§ **Aim of the task**:
Below are the entries to work from; restate word for word the portion that opens with the line containing "table_cell 5.34 [243, 477, 342, 501]" and closes with the line containing "table_cell [876, 878, 940, 903]", keeping both.

§ **Records**:
★ ★ ★ ★ ★ ★ ★

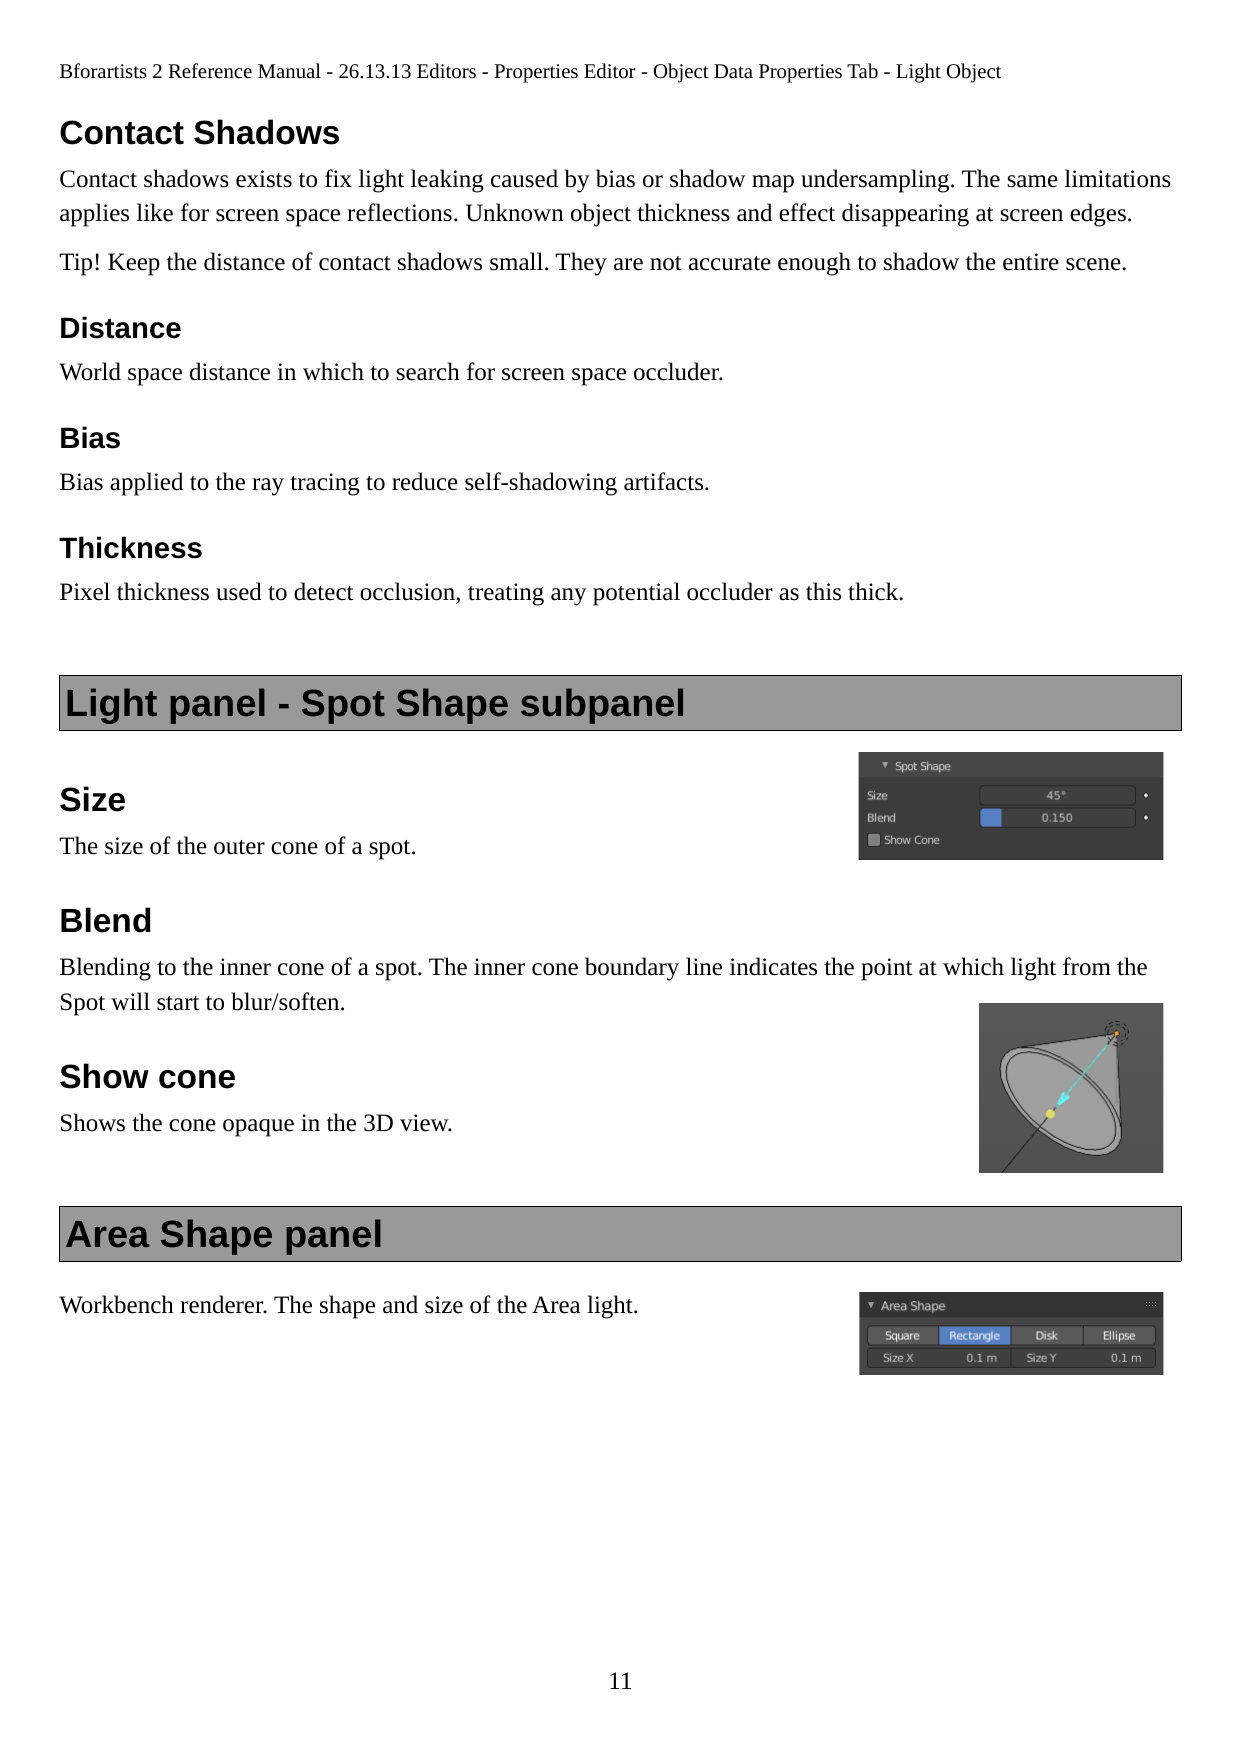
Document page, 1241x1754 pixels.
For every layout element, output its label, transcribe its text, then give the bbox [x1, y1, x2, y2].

table_header Light panel - Spot Shape subpanel [60, 676, 1181, 730]
text The size of the outer cone of a spot. [59, 831, 858, 860]
text Shows the cone opaque in the 3D view. [59, 1108, 979, 1136]
text Contact shadows exists to fix light leaking caused by bias or shadow map undersampling. The same limitations applies like for screen space reflections. Unknown object thickness and effect disappearing at screen edges. [59, 164, 1181, 227]
subtitle Bias [59, 421, 1181, 454]
text Workbench renderer. The shape and size of the Area light. [59, 1290, 1181, 1319]
subtitle Show cone [59, 1057, 979, 1095]
text Tip! Keep the distance of contact shadows small. They are not accurate enough to shadow the entire scene. [59, 247, 1181, 276]
picture [859, 1292, 1164, 1375]
subtitle Contact Shadows [59, 113, 1181, 151]
text Bias applied to the ray tracing to reduce self-shadowing artifacts. [59, 467, 1181, 496]
subtitle [1164, 780, 1181, 819]
subtitle Blend [59, 901, 1181, 940]
text World space distance in which to search for screen space occluder. [59, 357, 1181, 386]
subtitle Thickness [59, 531, 1181, 564]
subtitle [1164, 1057, 1181, 1095]
picture [858, 752, 1164, 860]
subtitle Distance [59, 311, 1181, 345]
table_header Area Shape panel [60, 1207, 1181, 1261]
picture [979, 1003, 1164, 1173]
subtitle Size [59, 780, 858, 819]
text Pixel thickness used to detect occlusion, treating any potential occluder as this thick. [59, 577, 1181, 606]
text Blending to the inner cone of a spot. The inner cone boundary line indicates the point at which light from the Spot will start to blur/soften. [59, 952, 1181, 1015]
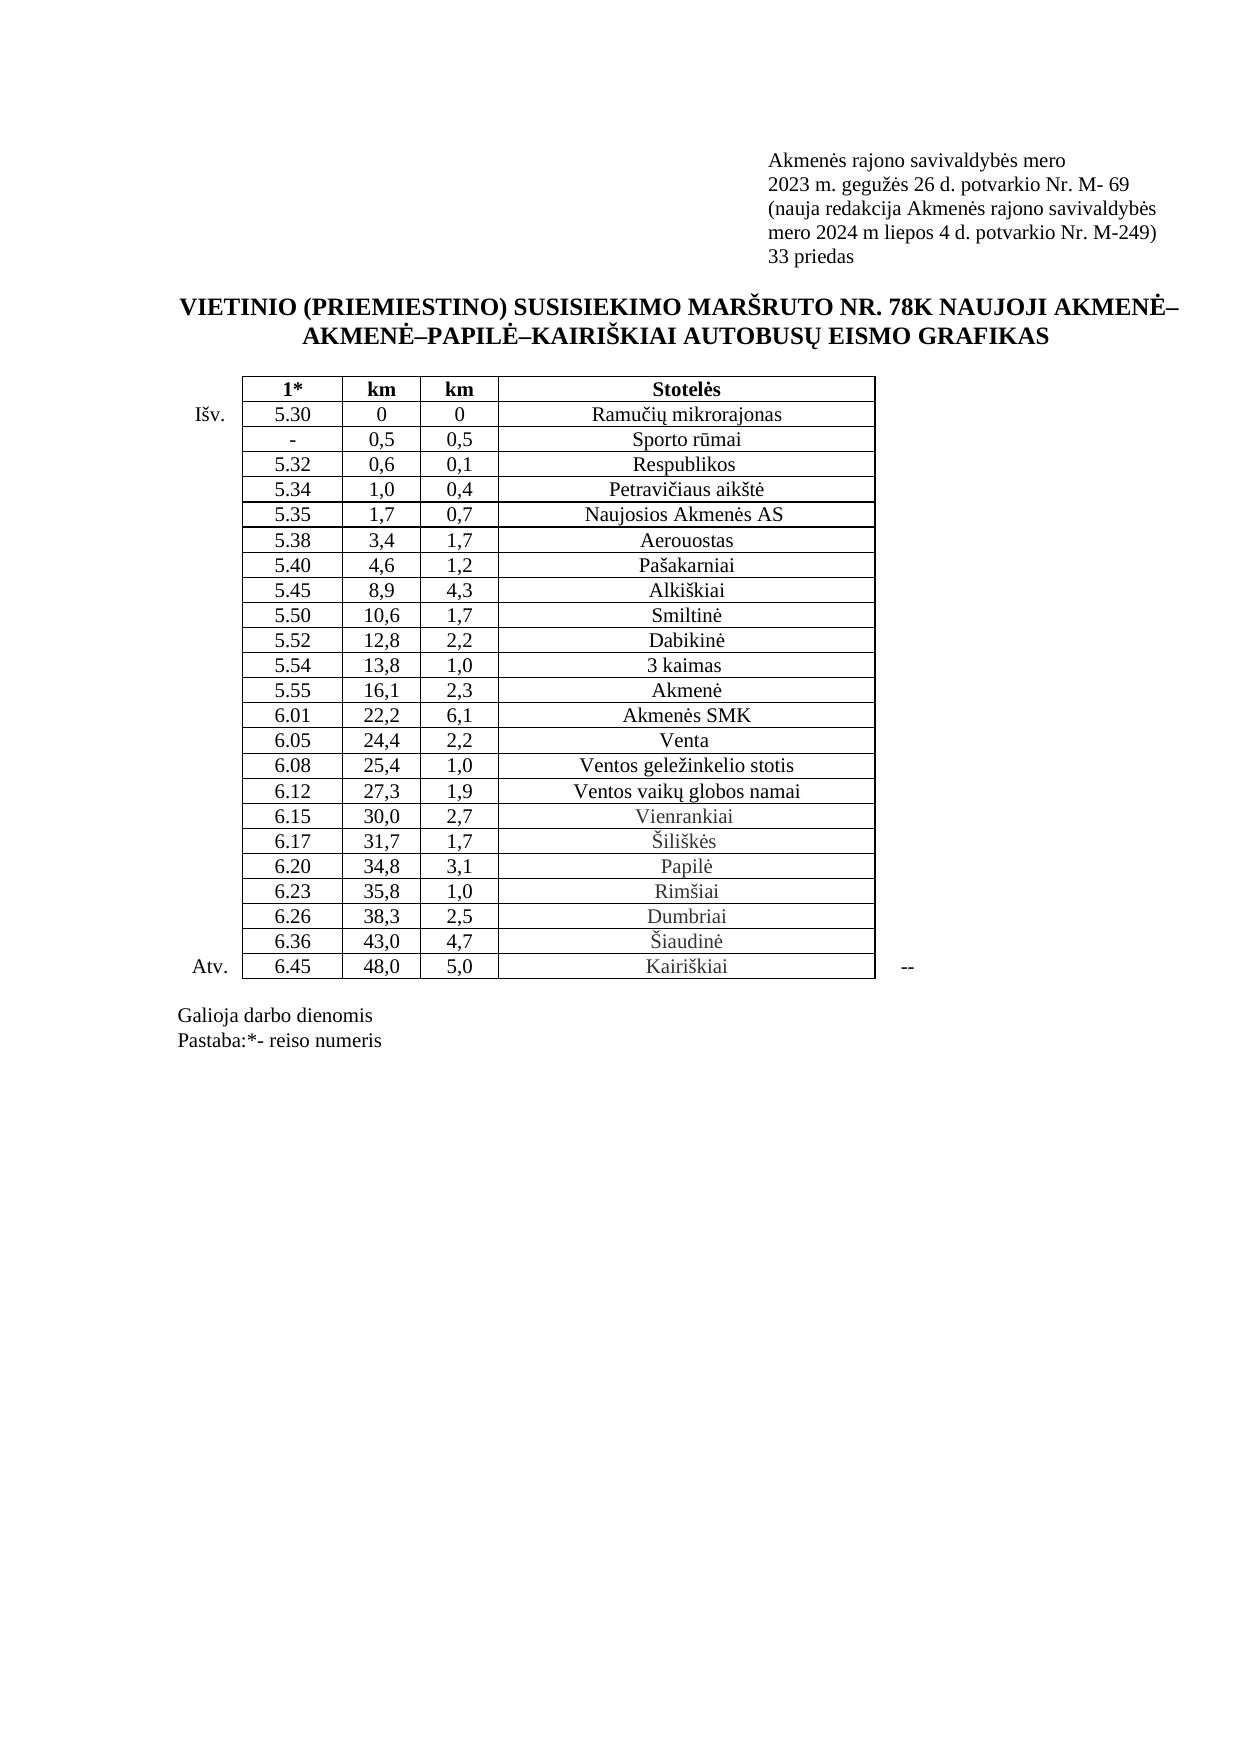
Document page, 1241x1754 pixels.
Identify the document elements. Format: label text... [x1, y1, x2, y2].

text 2023 m. gegužės 26 d. potvarkio Nr. M- 69 [768, 172, 1181, 196]
table_cell 6.05 [243, 728, 342, 752]
table_cell 5.50 [243, 603, 342, 627]
table_cell 8,9 [343, 578, 420, 602]
table_cell Išv. [178, 402, 242, 426]
table_cell 1,0 [343, 477, 420, 501]
table_cell 16,1 [343, 678, 420, 702]
table_cell 0,5 [421, 427, 498, 451]
table_cell Papilė [499, 854, 874, 878]
table_cell Dumbriai [499, 904, 874, 928]
table_cell 5.35 [243, 503, 342, 526]
table_cell 6.36 [243, 929, 342, 953]
table_cell 0,4 [421, 477, 498, 501]
table_cell [876, 828, 940, 853]
table_cell Akmenės SMK [499, 703, 874, 727]
table_cell 5.38 [243, 528, 342, 552]
table_cell 38,3 [343, 904, 420, 928]
table_cell [876, 426, 940, 451]
table_cell [876, 451, 940, 476]
table_cell 6.01 [243, 703, 342, 727]
table_cell 5.32 [243, 452, 342, 476]
table_cell [876, 753, 940, 777]
table_cell 31,7 [343, 829, 420, 853]
table_cell [876, 702, 940, 727]
table_cell [178, 503, 242, 526]
table_cell Akmenė [499, 678, 874, 702]
table_cell 5.54 [243, 653, 342, 677]
table_cell 1,2 [421, 553, 498, 577]
table_cell 0 [421, 402, 498, 426]
table_cell 10,6 [343, 603, 420, 627]
table_header 1* [243, 377, 342, 401]
table_cell 0,1 [421, 452, 498, 476]
table_cell 6.20 [243, 854, 342, 878]
table_cell 43,0 [343, 929, 420, 953]
table_cell 27,3 [343, 779, 420, 803]
table_cell [178, 427, 242, 451]
table_cell Smiltinė [499, 603, 874, 627]
table_header km [343, 377, 420, 401]
table_cell [876, 727, 940, 752]
table_cell [178, 904, 242, 928]
table_cell 2,2 [421, 728, 498, 752]
table_cell - [243, 427, 342, 451]
table_cell [876, 903, 940, 928]
table_cell 1,0 [421, 653, 498, 677]
table_cell 25,4 [343, 754, 420, 777]
table_cell [178, 804, 242, 828]
table_cell 24,4 [343, 728, 420, 752]
table_cell 2,5 [421, 904, 498, 928]
table_cell [876, 577, 940, 602]
text Pastaba:*- reiso numeris [177, 1027, 1181, 1052]
table_cell -- [876, 953, 940, 978]
table_cell 0 [343, 402, 420, 426]
table_cell 5.55 [243, 678, 342, 702]
table_cell Venta [499, 728, 874, 752]
table_header km [421, 377, 498, 401]
table_cell [178, 653, 242, 677]
table_cell 48,0 [343, 954, 420, 978]
table_header [876, 376, 940, 401]
table_cell 5.40 [243, 553, 342, 577]
table_cell Rimšiai [499, 879, 874, 903]
table_cell 5.52 [243, 628, 342, 652]
text VIETINIO (PRIEMIESTINO) SUSISIEKIMO MARŠRUTO NR. 78K NAUJOJI AKMENĖ–AKMENĖ–PAPILĖ–KAIRIŠKIAI AUTOBUSŲ EISMO GRAFIKAS [177, 292, 1181, 349]
table_cell [876, 677, 940, 702]
table_cell 6.26 [243, 904, 342, 928]
table_cell Respublikos [499, 452, 874, 476]
text 33 priedas [768, 244, 1181, 268]
table_cell 1,9 [421, 779, 498, 803]
table_cell 5,0 [421, 954, 498, 978]
table_cell [876, 627, 940, 652]
table_cell [178, 603, 242, 627]
table_cell 4,6 [343, 553, 420, 577]
table_cell [178, 452, 242, 476]
text (nauja redakcija Akmenės rajono savivaldybės [768, 196, 1181, 220]
table_cell 1,7 [343, 503, 420, 526]
table_cell 0,5 [343, 427, 420, 451]
table_cell [876, 652, 940, 677]
table_header Stotelės [499, 377, 874, 401]
table_cell [876, 526, 940, 552]
table_cell Naujosios Akmenės AS [499, 503, 874, 526]
table_cell [876, 778, 940, 803]
table_cell 5.34 [243, 477, 342, 501]
table_cell 6.15 [243, 804, 342, 828]
table_cell Ramučių mikrorajonas [499, 402, 874, 426]
table_cell [178, 578, 242, 602]
table_cell 5.30 [243, 402, 342, 426]
table_cell 6,1 [421, 703, 498, 727]
table_cell 3,4 [343, 528, 420, 552]
table_cell 2,2 [421, 628, 498, 652]
table_cell 1,7 [421, 528, 498, 552]
table_cell Kairiškiai [499, 954, 874, 978]
table_cell 1,0 [421, 754, 498, 777]
table_cell 6.12 [243, 779, 342, 803]
table_cell [178, 553, 242, 577]
table_cell [876, 602, 940, 627]
table_cell 1,7 [421, 603, 498, 627]
table_cell 0,6 [343, 452, 420, 476]
table_cell 22,2 [343, 703, 420, 727]
table_cell [178, 728, 242, 752]
table_cell 6.23 [243, 879, 342, 903]
table_cell Ventos vaikų globos namai [499, 779, 874, 803]
table_cell 4,7 [421, 929, 498, 953]
table_cell 2,3 [421, 678, 498, 702]
table_cell 5.45 [243, 578, 342, 602]
table_cell 3,1 [421, 854, 498, 878]
table_cell Šiliškės [499, 829, 874, 853]
table_cell Vienrankiai [499, 804, 874, 828]
table_cell Aerouostas [499, 528, 874, 552]
table_cell 35,8 [343, 879, 420, 903]
table_cell [876, 878, 940, 903]
table_cell [178, 628, 242, 652]
table_cell [178, 854, 242, 878]
table_cell 30,0 [343, 804, 420, 828]
table_cell Dabikinė [499, 628, 874, 652]
table_cell [178, 829, 242, 853]
table_cell 34,8 [343, 854, 420, 878]
table_cell 12,8 [343, 628, 420, 652]
table_cell Atv. [178, 954, 242, 978]
table_cell [876, 476, 940, 501]
table_cell [178, 779, 242, 803]
table_cell [178, 477, 242, 501]
text mero 2024 m liepos 4 d. potvarkio Nr. M-249) [768, 220, 1181, 244]
table_cell [178, 754, 242, 777]
table_cell [178, 879, 242, 903]
table_cell Pašakarniai [499, 553, 874, 577]
table_cell 6.08 [243, 754, 342, 777]
table_cell [178, 528, 242, 552]
table_cell [876, 501, 940, 526]
table_cell 3 kaimas [499, 653, 874, 677]
table_cell 4,3 [421, 578, 498, 602]
table_cell [876, 928, 940, 953]
table_cell 6.45 [243, 954, 342, 978]
table_cell Šiaudinė [499, 929, 874, 953]
table_cell [876, 803, 940, 828]
table_cell 1,0 [421, 879, 498, 903]
table_cell 6.17 [243, 829, 342, 853]
table_cell [178, 929, 242, 953]
table_cell 2,7 [421, 804, 498, 828]
table_cell [876, 401, 940, 426]
table_cell Ventos geležinkelio stotis [499, 754, 874, 777]
table_cell Sporto rūmai [499, 427, 874, 451]
text Akmenės rajono savivaldybės mero [768, 148, 1181, 172]
text Galioja darbo dienomis [177, 1003, 1181, 1027]
table_cell 0,7 [421, 503, 498, 526]
table_cell Petravičiaus aikštė [499, 477, 874, 501]
table_cell [876, 853, 940, 878]
table_cell [178, 678, 242, 702]
table_cell 1,7 [421, 829, 498, 853]
table_cell [178, 703, 242, 727]
table_cell Alkiškiai [499, 578, 874, 602]
table_header [178, 377, 242, 401]
table_cell [876, 552, 940, 577]
table_cell 13,8 [343, 653, 420, 677]

★ ★ ★ ★ ★ ★ ★

§ **Exercise answer**:
table_cell 5.34 [243, 477, 342, 501]
table_cell 6.15 [243, 804, 342, 828]
table_cell Ramučių mikrorajonas [499, 402, 874, 426]
table_cell [178, 578, 242, 602]
table_cell 5.30 [243, 402, 342, 426]
table_cell 6,1 [421, 703, 498, 727]
table_cell 3,4 [343, 528, 420, 552]
table_cell 2,2 [421, 628, 498, 652]
table_cell 1,7 [421, 528, 498, 552]
table_cell Kairiškiai [499, 954, 874, 978]
table_cell 1,0 [421, 754, 498, 777]
table_cell 6.12 [243, 779, 342, 803]
table_cell [178, 553, 242, 577]
table_cell [876, 602, 940, 627]
table_cell 1,7 [421, 603, 498, 627]
table_cell 0,6 [343, 452, 420, 476]
table_cell 22,2 [343, 703, 420, 727]
table_cell [178, 728, 242, 752]
table_cell 6.23 [243, 879, 342, 903]
table_cell Ventos vaikų globos namai [499, 779, 874, 803]
table_cell 4,7 [421, 929, 498, 953]
table_cell 2,3 [421, 678, 498, 702]
table_cell 5.45 [243, 578, 342, 602]
table_cell 3,1 [421, 854, 498, 878]
table_cell Šiliškės [499, 829, 874, 853]
table_cell Vienrankiai [499, 804, 874, 828]
table_cell Aerouostas [499, 528, 874, 552]
table_cell 35,8 [343, 879, 420, 903]
table_cell [876, 878, 940, 903]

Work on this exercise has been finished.